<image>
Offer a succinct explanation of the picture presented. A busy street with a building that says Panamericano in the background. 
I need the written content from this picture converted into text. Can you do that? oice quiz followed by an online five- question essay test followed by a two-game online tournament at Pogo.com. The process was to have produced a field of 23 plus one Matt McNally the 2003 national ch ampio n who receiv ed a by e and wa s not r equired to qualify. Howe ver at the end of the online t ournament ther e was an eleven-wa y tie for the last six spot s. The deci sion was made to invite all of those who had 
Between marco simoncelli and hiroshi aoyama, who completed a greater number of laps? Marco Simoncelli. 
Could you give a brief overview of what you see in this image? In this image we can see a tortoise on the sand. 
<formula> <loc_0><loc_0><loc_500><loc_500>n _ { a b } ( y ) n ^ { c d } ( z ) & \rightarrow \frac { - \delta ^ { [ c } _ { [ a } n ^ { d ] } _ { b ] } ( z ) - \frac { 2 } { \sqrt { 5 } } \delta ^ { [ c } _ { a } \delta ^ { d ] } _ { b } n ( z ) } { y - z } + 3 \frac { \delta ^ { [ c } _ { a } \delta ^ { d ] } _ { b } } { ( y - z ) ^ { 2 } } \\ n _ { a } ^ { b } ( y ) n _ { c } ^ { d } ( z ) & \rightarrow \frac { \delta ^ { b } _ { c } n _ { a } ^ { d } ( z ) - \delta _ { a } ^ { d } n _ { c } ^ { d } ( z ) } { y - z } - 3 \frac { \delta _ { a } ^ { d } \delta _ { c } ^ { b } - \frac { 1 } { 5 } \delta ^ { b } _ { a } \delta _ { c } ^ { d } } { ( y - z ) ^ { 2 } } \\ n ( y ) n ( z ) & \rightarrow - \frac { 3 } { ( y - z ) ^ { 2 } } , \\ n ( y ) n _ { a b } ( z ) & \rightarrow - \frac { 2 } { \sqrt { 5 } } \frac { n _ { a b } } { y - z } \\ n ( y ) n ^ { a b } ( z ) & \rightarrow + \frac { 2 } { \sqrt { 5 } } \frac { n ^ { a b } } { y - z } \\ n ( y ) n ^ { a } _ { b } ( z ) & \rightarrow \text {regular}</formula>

(Requirement) Filter the data for the string "text". Copy each matching line.

(Written response)
I need the written content from this picture converted into text. Can you do that? oice quiz followed by an online five- question essay test followed by a two-game online tournament at Pogo.com. The process was to have produced a field of 23 plus one Matt McNally the 2003 national ch ampio n who receiv ed a by e and wa s not r equired to qualify. Howe ver at the end of the online t ournament ther e was an eleven-wa y tie for the last six spot s. The deci sion was made to invite all of those who had 
<formula> <loc_0><loc_0><loc_500><loc_500>n _ { a b } ( y ) n ^ { c d } ( z ) & \rightarrow \frac { - \delta ^ { [ c } _ { [ a } n ^ { d ] } _ { b ] } ( z ) - \frac { 2 } { \sqrt { 5 } } \delta ^ { [ c } _ { a } \delta ^ { d ] } _ { b } n ( z ) } { y - z } + 3 \frac { \delta ^ { [ c } _ { a } \delta ^ { d ] } _ { b } } { ( y - z ) ^ { 2 } } \\ n _ { a } ^ { b } ( y ) n _ { c } ^ { d } ( z ) & \rightarrow \frac { \delta ^ { b } _ { c } n _ { a } ^ { d } ( z ) - \delta _ { a } ^ { d } n _ { c } ^ { d } ( z ) } { y - z } - 3 \frac { \delta _ { a } ^ { d } \delta _ { c } ^ { b } - \frac { 1 } { 5 } \delta ^ { b } _ { a } \delta _ { c } ^ { d } } { ( y - z ) ^ { 2 } } \\ n ( y ) n ( z ) & \rightarrow - \frac { 3 } { ( y - z ) ^ { 2 } } , \\ n ( y ) n _ { a b } ( z ) & \rightarrow - \frac { 2 } { \sqrt { 5 } } \frac { n _ { a b } } { y - z } \\ n ( y ) n ^ { a b } ( z ) & \rightarrow + \frac { 2 } { \sqrt { 5 } } \frac { n ^ { a b } } { y - z } \\ n ( y ) n ^ { a } _ { b } ( z ) & \rightarrow \text {regular}</formula>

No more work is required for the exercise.